CellPort Connect - CC 107: Improving Academic Training & Research
We've talked about the importance of cell lineage, in tracking that, in CellPort. We've talked primarily about it in the context of biotechnology companies, but it's also relevant in the context of academic research and teaching from the perspective of academic teaching was talking to the space there. They're using this more to teach the next generation of either scientists going on to graduate school or technicians going on to laboratory work in industry from the research perspective where the research going on is more akin almost to work in a biotechnology company. Clearly, they're very interested in that from the perspective of their own research going on perspective. How does that translate from academic research, teaching and into the biotechnology laboratories and industry for the teaching colleges environment?
I think it's extremely important as a as a tool of the future. We need to train the next generation on how to use applications like CellPort so when they graduate and take a job, it it is coming, there's no stopping this. This is what what's happening from the research institutions, the academic research institutions. We have seen so many companies spun out historically. We have been in the cell and gene therapy and the vaccine world and we we've seen in the last five or six years, this unbelievable growth and production of new companies. The issue is the technology coming out of these research hospitals is oftentimes not conducted in a way that is conducive to necessarily a quick transfer out to, to industry, which is oftentimes more controlled, less exploratory. What we see though is because of the success that that has occurred and the rapidly evolving space of cell and gene therapy, the need for these environments to get better and to be more robust in what they produce so what they do spin out, it's more reproducible can be transferred is absolutely critical. I think for these universities to invest in these tools, it ensures that the which can be reproduced. It ensures that the process of transferring can occur. Again, we're dealing with even more legacy systems in these schools, but because the investment, because of the funding, because of the excitement of the space, we think that they can become much better by incorporating tools like CellPort and adding greater value and assurance to not only just the data they're producing, but to potential investors who are gonna take that technology and run with it.

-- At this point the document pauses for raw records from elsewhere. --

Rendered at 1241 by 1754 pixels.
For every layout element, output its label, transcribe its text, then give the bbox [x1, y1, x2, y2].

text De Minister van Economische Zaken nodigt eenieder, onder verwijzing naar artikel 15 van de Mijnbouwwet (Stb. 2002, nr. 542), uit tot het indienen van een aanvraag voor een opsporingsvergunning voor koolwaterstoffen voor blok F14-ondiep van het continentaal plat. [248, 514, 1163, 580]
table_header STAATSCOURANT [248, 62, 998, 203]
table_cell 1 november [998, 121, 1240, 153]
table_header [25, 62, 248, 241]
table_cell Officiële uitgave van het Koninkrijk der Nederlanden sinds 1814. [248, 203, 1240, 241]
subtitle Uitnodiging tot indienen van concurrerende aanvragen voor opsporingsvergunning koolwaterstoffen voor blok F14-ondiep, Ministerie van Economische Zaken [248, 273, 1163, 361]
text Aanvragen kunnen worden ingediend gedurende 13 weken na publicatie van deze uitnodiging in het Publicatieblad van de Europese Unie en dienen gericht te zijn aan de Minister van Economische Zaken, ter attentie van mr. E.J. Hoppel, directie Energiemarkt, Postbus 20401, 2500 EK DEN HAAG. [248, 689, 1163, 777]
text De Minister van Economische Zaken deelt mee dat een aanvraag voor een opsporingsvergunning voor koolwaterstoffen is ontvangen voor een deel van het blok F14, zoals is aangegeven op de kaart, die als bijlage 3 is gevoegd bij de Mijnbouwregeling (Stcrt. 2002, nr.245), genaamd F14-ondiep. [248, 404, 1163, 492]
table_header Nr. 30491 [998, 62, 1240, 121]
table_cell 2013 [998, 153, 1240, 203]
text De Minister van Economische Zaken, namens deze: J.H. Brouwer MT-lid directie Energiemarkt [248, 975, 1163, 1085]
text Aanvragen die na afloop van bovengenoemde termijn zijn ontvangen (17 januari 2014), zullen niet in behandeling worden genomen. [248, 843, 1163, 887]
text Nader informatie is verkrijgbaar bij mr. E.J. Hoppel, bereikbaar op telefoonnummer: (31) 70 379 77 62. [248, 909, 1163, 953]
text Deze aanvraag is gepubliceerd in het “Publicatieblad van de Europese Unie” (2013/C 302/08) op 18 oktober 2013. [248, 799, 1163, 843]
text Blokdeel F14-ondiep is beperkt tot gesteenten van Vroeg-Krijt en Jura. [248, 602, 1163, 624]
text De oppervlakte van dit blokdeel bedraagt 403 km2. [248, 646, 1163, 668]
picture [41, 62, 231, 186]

On the topic of investment and reproducibility, we've talked about Leonard Freeman's publication that showed that 50% of the annual preclinical research spend has been wasted because it's irreproducible. The bulk of that irreproducible actually comes from academia and the bulk of that irreproducibility is also focused on biological reagents and other reagents like cells is your point about the necessity for that investment to be made much more reproducible and what better way to do that than with CellPort, which is has been created specifically for that purpose to make things more well documented so that it can be reproduced. What I have seen over the last four or five years is an awareness in these, in these institutions that they do need to, to change, to transition.

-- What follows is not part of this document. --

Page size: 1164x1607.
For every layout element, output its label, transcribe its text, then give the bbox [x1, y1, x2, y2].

Not all of them. They want to button things up. They want them tighter. They want aspects of research witness. They want to be better at what they're doing and part of that is I think because of all the success that we have seen and also the investment that's coming in. There is a, a payoff. If we can assure a technology is more robust than maybe it was in the in the history, it becomes you derisk it for those is something that the underlying capabilities of CellPort, having everything tracked and traced in protocols, the inventory, the equipment, all equipment, calibrations, all material explorations, having all of that in the system is a much more straightforward and clear way of ensuring that reproducibility, in the future. I think also when we look at the ability to transfer that information, the way CellPort is structured, it is something that can be made readily and technically transferred. It's a SaaS product that requires internet access and tech transfer now will have a different meaning to it. It is in shipping documents. People having to be able to remember what they did. If we capture it all, it's a matter of letting new people just into the system and transfer.
The tech transfer is one of the big four of CellPort, traceability, transparency, training, and tech transfer and that certainly becomes much more feasible and frictionless when you have that information stored in a very clear and consistent way.
I think onboarding to underscore the onboarding challenges of how does an operation work. CellPort actually consolidates a lot of activities so that and information, so that those who are onboarded proms and that is an easy way for management to actually quickly see in real time how their people are doing, how things are performing, what results look like. I think it is a a tool that let alone all the data captures and how it captures it, but the ability for people to become better and to onboard faster, be more impactful in a shorter period of time after that on boarding process
and after the system is in place, one of the things that we really haven't touched on is the report to filter that information to, to search for precisely what you're looking at to see the trends, to visualize the trends and not only visualize it, but then to make them actionable, to do something with the results of those reports that you've gleaned.